El progreso es posible y las reformas están dando frutos
Cerrar estas tres brechas puede parecer difícil en el contexto de presupuestos ajustados y prioridades de políticas contrapuestas. Sin embargo, la experiencia en toda la región muestra que el progreso es posible. Entre 2015 y 2025, siete de los 10 países con mejor desempeño en el ICH+ a nivel mundial estaban en Europa y Asia central, y este se vio impulsado por mejoras en los sistemas educativos y los resultados del mercado laboral.

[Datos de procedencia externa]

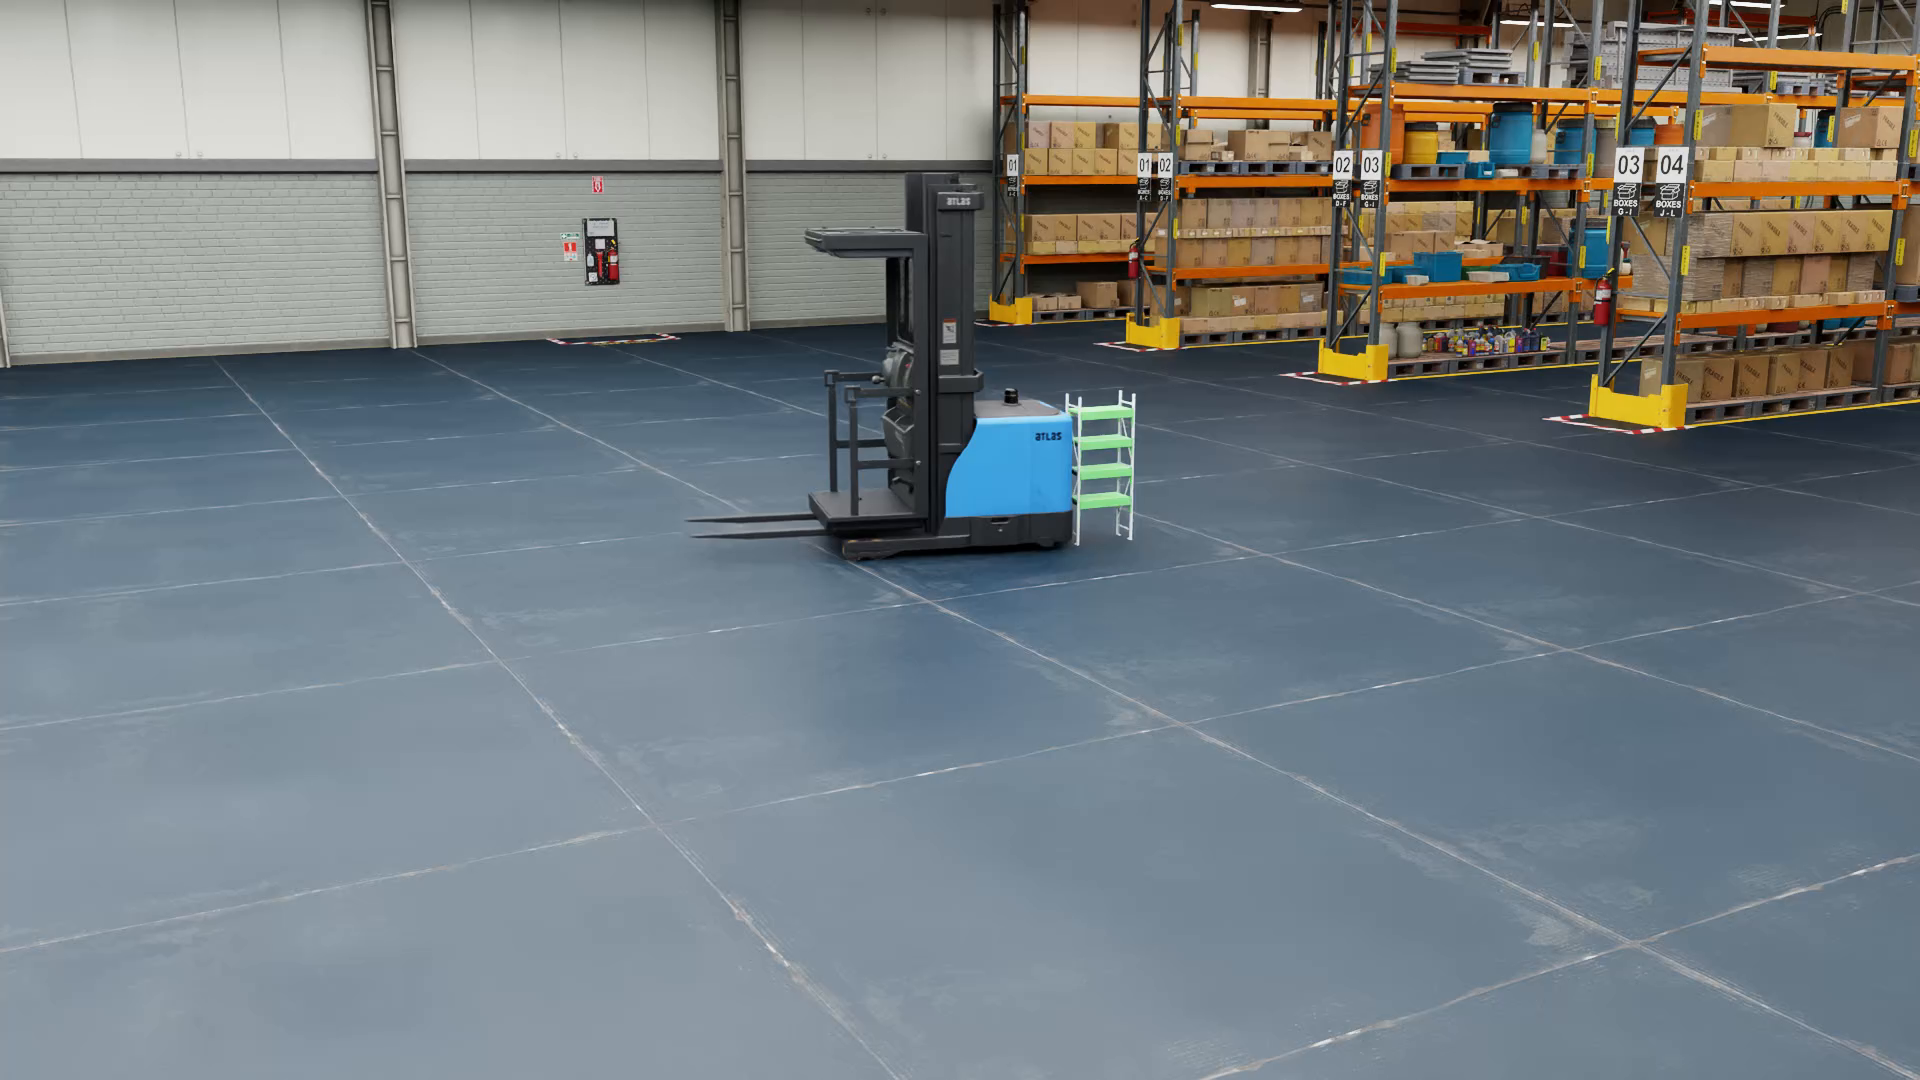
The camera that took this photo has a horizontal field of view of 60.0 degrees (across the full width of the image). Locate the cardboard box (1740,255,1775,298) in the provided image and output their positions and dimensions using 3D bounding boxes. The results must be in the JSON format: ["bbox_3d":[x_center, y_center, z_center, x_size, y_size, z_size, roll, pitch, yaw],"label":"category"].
[{"bbox_3d":[9.382,-3.253,20.329,0.500,0.500,0.875,-7,14,-28],"label":"cardboard box"}]

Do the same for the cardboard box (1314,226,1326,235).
[{"bbox_3d":[6.230,-5.459,29.329,0.250,0.149,0.380,-7,15,-30],"label":"cardboard box"}]

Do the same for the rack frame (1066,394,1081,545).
[{"bbox_3d":[0.906,-0.566,13.392,0.015,1.200,0.240,-6,14,-23],"label":"rack frame"}]

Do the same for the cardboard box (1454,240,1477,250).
[{"bbox_3d":[9.446,-5.538,31.587,0.500,0.311,0.500,-7,14,-29],"label":"cardboard box"}]

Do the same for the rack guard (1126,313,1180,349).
[{"bbox_3d":[3.281,-3.574,28.353,0.348,0.500,1.175,-7,14,-28],"label":"rack guard"}]

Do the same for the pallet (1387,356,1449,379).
[{"bbox_3d":[6.432,-2.583,24.604,1.213,0.211,1.003,-7,14,-28],"label":"pallet"}]

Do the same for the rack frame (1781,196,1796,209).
[{"bbox_3d":[17.346,-6.480,35.569,0.127,3.000,1.000,-7,14,-28],"label":"rack frame"}]

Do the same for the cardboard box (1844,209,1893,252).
[{"bbox_3d":[11.293,-3.889,20.876,0.500,0.500,0.500,-7,14,-28],"label":"cardboard box"}]

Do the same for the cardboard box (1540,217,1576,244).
[{"bbox_3d":[11.717,-6.039,32.428,0.500,0.500,0.700,-4,13,-17],"label":"cardboard box"}]

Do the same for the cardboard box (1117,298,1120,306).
[{"bbox_3d":[3.023,-4.831,33.734,0.250,0.149,0.380,-8,15,-32],"label":"cardboard box"}]

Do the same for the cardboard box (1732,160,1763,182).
[{"bbox_3d":[9.042,-4.334,19.543,0.500,0.250,0.500,-7,15,-29],"label":"cardboard box"}]

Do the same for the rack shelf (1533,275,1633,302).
[{"bbox_3d":[10.938,-4.122,26.730,4.000,0.370,1.077,-7,14,-28],"label":"rack shelf"}]

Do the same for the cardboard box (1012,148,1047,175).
[{"bbox_3d":[1.338,-7.260,31.930,0.500,0.500,0.500,-6,14,-26],"label":"cardboard box"}]

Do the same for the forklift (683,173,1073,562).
[{"bbox_3d":[-0.672,-1.389,13.107,3.031,2.935,1.130,-3,13,-13],"label":"forklift"}]

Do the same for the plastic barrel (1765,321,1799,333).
[{"bbox_3d":[14.106,-3.885,28.576,0.708,0.588,0.600,-7,14,-28],"label":"plastic barrel"}]

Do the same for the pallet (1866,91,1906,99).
[{"bbox_3d":[15.493,-7.650,28.449,1.213,0.211,1.003,-7,14,-28],"label":"pallet"}]

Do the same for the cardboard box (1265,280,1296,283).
[{"bbox_3d":[5.821,-4.404,29.944,0.500,0.500,0.500,-7,14,-28],"label":"cardboard box"}]

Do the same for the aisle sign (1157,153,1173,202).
[{"bbox_3d":[3.391,-5.999,27.512,0.004,0.787,0.394,-7,14,-28],"label":"aisle sign"}]

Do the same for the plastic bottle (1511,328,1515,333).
[{"bbox_3d":[8.693,-3.197,26.194,0.097,0.271,0.097,0,13,0],"label":"plastic bottle"}]

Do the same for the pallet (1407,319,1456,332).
[{"bbox_3d":[8.513,-4.071,31.218,1.213,0.211,1.003,-7,14,-28],"label":"pallet"}]

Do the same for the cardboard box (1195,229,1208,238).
[{"bbox_3d":[3.980,-5.190,28.133,0.250,0.149,0.380,-7,15,-29],"label":"cardboard box"}]

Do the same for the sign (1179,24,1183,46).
[{"bbox_3d":[3.562,-8.149,26.833,0.005,0.325,0.100,-7,14,-28],"label":"sign"}]

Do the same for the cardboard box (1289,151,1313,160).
[{"bbox_3d":[5.885,-6.652,28.799,0.250,0.149,0.380,-7,14,-28],"label":"cardboard box"}]

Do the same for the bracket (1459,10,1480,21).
[{"bbox_3d":[11.464,-11.824,37.456,0.430,0.232,0.235,-7,14,-28],"label":"bracket"}]

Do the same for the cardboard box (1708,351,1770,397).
[{"bbox_3d":[9.668,-2.067,20.697,0.500,0.500,0.500,-5,14,-23],"label":"cardboard box"}]

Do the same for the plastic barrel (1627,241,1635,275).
[{"bbox_3d":[10.772,-4.464,26.304,0.433,0.535,0.433,0,13,0],"label":"plastic barrel"}]

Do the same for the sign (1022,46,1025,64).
[{"bbox_3d":[1.185,-9.067,31.096,0.005,0.325,0.100,-7,14,-28],"label":"sign"}]

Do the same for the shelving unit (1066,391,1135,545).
[{"bbox_3d":[1.129,-0.588,13.488,0.503,1.200,0.258,-6,14,-23],"label":"shelving unit"}]

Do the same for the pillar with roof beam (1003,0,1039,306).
[{"bbox_3d":[3.188,-8.088,29.053,0.548,9.000,9.100,-7,14,-28],"label":"pillar with roof beam"}]

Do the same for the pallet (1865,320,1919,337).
[{"bbox_3d":[16.832,-3.828,30.139,1.213,0.211,1.003,-7,14,-28],"label":"pallet"}]

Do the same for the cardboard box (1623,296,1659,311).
[{"bbox_3d":[8.197,-2.834,19.943,0.250,0.149,0.380,-7,14,-28],"label":"cardboard box"}]

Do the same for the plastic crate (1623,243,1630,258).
[{"bbox_3d":[11.129,-4.603,27.086,0.583,0.464,0.402,-7,14,-28],"label":"plastic crate"}]

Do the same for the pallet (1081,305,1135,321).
[{"bbox_3d":[2.791,-4.604,33.588,1.213,0.211,1.003,-7,14,-28],"label":"pallet"}]

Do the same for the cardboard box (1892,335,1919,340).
[{"bbox_3d":[13.024,-2.469,22.439,0.500,0.500,0.700,-8,15,-33],"label":"cardboard box"}]

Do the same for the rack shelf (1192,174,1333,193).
[{"bbox_3d":[6.192,-7.494,34.885,4.000,0.370,1.077,-7,14,-28],"label":"rack shelf"}]

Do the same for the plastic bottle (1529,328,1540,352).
[{"bbox_3d":[8.756,-3.061,25.411,0.185,0.351,0.144,-7,15,-29],"label":"plastic bottle"}]

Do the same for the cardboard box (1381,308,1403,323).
[{"bbox_3d":[7.735,-4.129,30.430,0.500,0.250,0.500,-6,14,-26],"label":"cardboard box"}]

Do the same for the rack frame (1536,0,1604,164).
[{"bbox_3d":[9.183,-7.189,25.058,0.127,3.000,1.000,-7,14,-28],"label":"rack frame"}]

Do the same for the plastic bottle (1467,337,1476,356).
[{"bbox_3d":[7.620,-2.882,24.768,0.133,0.283,0.061,-7,14,-27],"label":"plastic bottle"}]

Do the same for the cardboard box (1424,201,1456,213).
[{"bbox_3d":[10.717,-7.432,37.143,0.500,0.250,0.500,-6,14,-27],"label":"cardboard box"}]

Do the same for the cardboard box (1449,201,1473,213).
[{"bbox_3d":[11.171,-7.484,37.374,0.500,0.250,0.500,-6,14,-26],"label":"cardboard box"}]

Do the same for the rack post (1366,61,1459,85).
[{"bbox_3d":[6.397,-6.579,23.487,0.954,0.300,0.937,-5,14,-22],"label":"rack post"}]

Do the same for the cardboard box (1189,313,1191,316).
[{"bbox_3d":[4.064,-3.828,29.094,0.500,0.250,0.500,-7,14,-28],"label":"cardboard box"}]

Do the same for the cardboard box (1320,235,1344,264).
[{"bbox_3d":[6.426,-5.218,29.736,0.500,0.500,0.700,-7,15,-29],"label":"cardboard box"}]

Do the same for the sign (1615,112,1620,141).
[{"bbox_3d":[7.797,-4.891,19.664,0.005,0.325,0.100,-7,14,-28],"label":"sign"}]

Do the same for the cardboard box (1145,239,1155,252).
[{"bbox_3d":[3.724,-5.949,33.508,0.500,0.250,0.500,-7,14,-28],"label":"cardboard box"}]

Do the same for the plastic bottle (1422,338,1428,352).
[{"bbox_3d":[7.074,-2.969,25.340,0.097,0.201,0.097,0,13,0],"label":"plastic bottle"}]

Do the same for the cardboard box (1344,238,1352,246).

Por ejemplo, Serbia aumentó la matriculación preescolar del 52% en 2018 al 74% en 2024 (en inglés), en tanto que la mejora de la calidad, las reformas de Türkiye en la capacitación y evaluación de los docentes, además de las inversiones digitales (en inglés) contribuyeron a obtener los mejores resultados en ciencias del 4º grado en el Estudio Internacional de Tendencias en Matemática y Ciencias (TIMSS) de 2023 a nivel mundial. Otros casos inspiradores son el programa de habilidades digitales de Rumania (en inglés), el centro de innovación agrícola de Moldova (en inglés) y el aumento del financiamiento estudiantil en Uzbekistán (en inglés).
De cara al futuro
Muchos países de Europa y Asia central ya tienen bases sólidas en materia de capital humano. Sin embargo, para lograr mejores resultados laborales se requerirá algo más que una buena salud y escolaridad en la primera infancia. La próxima frontera para la región consiste en completar el programa fundamental donde persisten diferencias nacionales o subnacionales, asegurar que el capital humano se aproveche plenamente a través de mercados laborales más dinámicos y resilientes, y preparar a los trabajadores y las instituciones para los cambios demográficos y tecnológicos. La reducción de estas tres brechas puede ayudar a aumentar la productividad, ampliar las oportunidades y crear más y mejores empleos en toda la región.